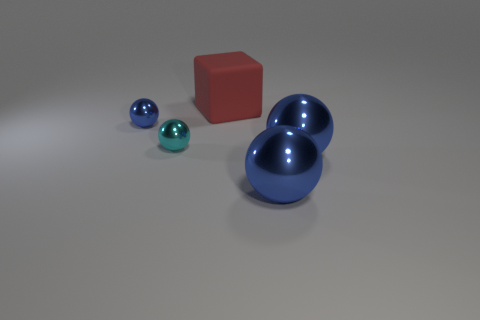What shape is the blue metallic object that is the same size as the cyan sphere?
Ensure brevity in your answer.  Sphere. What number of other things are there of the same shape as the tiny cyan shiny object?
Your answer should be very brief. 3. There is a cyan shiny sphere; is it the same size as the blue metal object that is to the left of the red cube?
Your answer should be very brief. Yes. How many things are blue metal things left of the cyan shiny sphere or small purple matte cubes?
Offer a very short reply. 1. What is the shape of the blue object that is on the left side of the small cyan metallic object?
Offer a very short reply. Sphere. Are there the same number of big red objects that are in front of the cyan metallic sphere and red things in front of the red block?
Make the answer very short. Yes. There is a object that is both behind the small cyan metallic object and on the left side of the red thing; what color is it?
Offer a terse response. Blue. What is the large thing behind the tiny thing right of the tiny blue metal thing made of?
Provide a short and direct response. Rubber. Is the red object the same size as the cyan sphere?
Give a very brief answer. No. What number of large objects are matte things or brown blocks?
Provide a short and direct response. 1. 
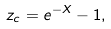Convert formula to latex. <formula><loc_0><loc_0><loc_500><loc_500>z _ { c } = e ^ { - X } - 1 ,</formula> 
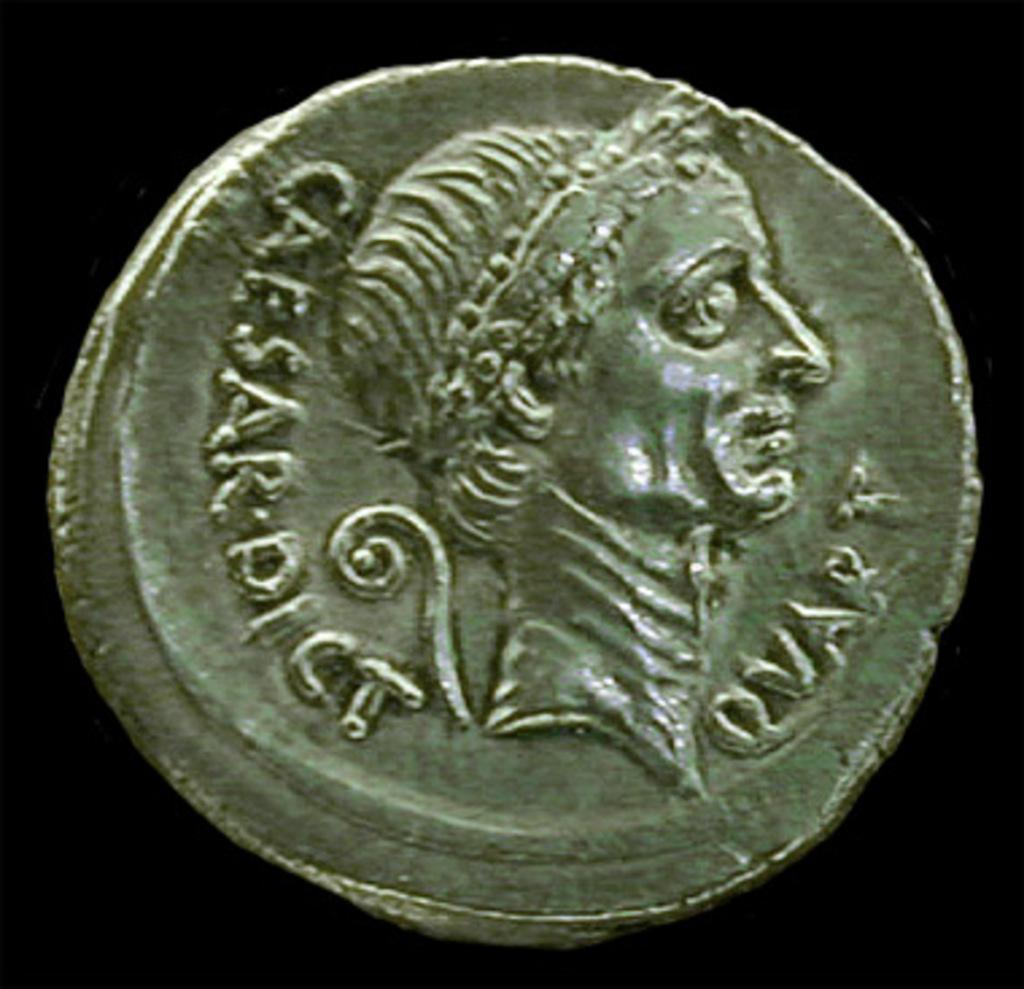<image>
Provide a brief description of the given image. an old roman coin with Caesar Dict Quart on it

◆ **TASK OBJECTIVE**
Among the lines of the material above, find those with the word "objects". Copy each one.

◆ **WRITTEN ANSWER**
Offer a very short reply. Sphere. Are there the same number of big red objects that are in front of the cyan metallic sphere and red things in front of the red block?
Give a very brief answer. No. What number of large objects are matte things or brown blocks?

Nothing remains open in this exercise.